Culture wars rock Texas historical site as Alamo Trust CEO resigns over research on role of slavery, indigenous people in state history | Fortune
I'm sharing this mainly for this exchange.
“I believe her judgment is now placed in serious question,” Lt. Gov. Dan Patrick wrote. “She has a totally different view of how the history of the Alamo should be told.”
Which led to this:
In San Antonio, Bexar County Judge Peter Sakai, the county’s elected top administrator, decried Patrick’s “gross political interference.”

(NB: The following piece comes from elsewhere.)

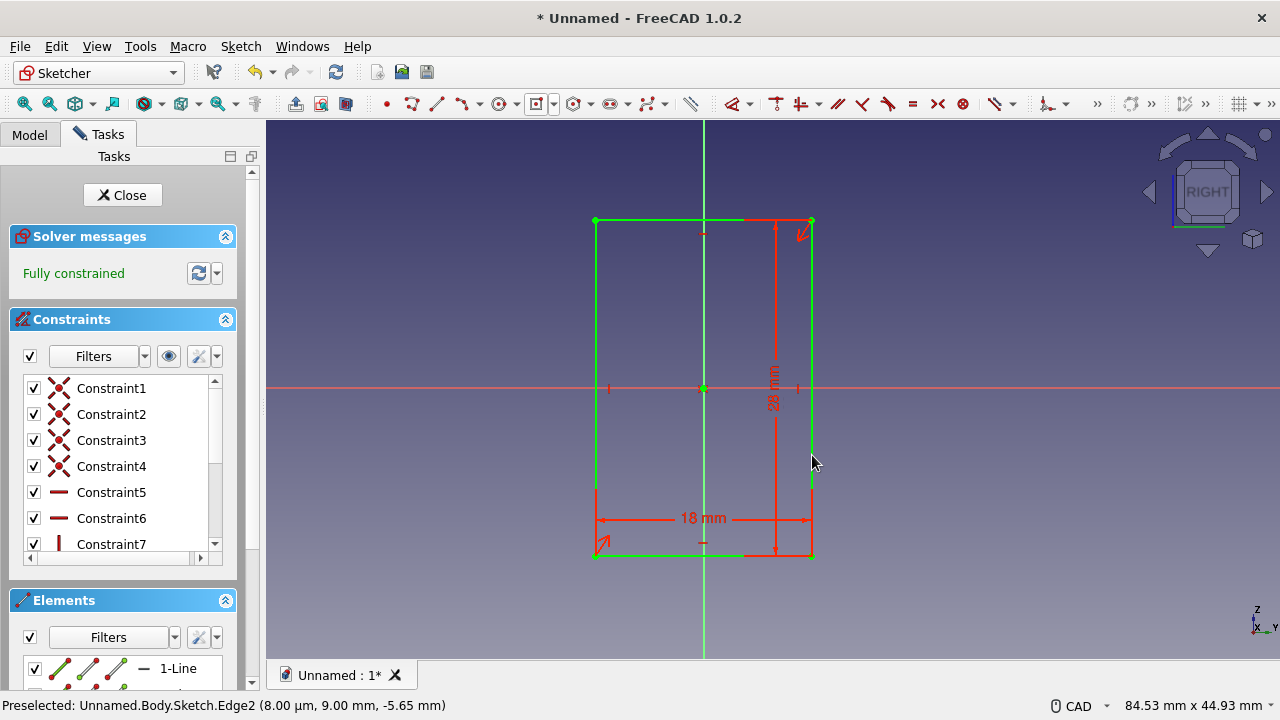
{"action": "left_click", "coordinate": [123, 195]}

“We need to get politics out of our teaching of history. Period,” he said in a statement Friday.
Take the politics out of history? That's impossible. That's all history is: politics and their exercise.
What are they so mad about?
[Kate] Rogers [now former CEO of the nonprofit managing the Alamo] noted that the book argues that a central cause of the war was Anglo settlers’ determination to keep slaves in bondage after Mexico largely abolished it. Texas won the war and was an independent republic until the U.S. annexed it in 1845.
Rogers also wrote that a city advisory council wanted to tell the site’s “full story,” including its history as a home to Indigenous people — something the state’s Republican leaders oppose. She said she would love the Alamo to be “a place that brings people together versus tearing them apart.”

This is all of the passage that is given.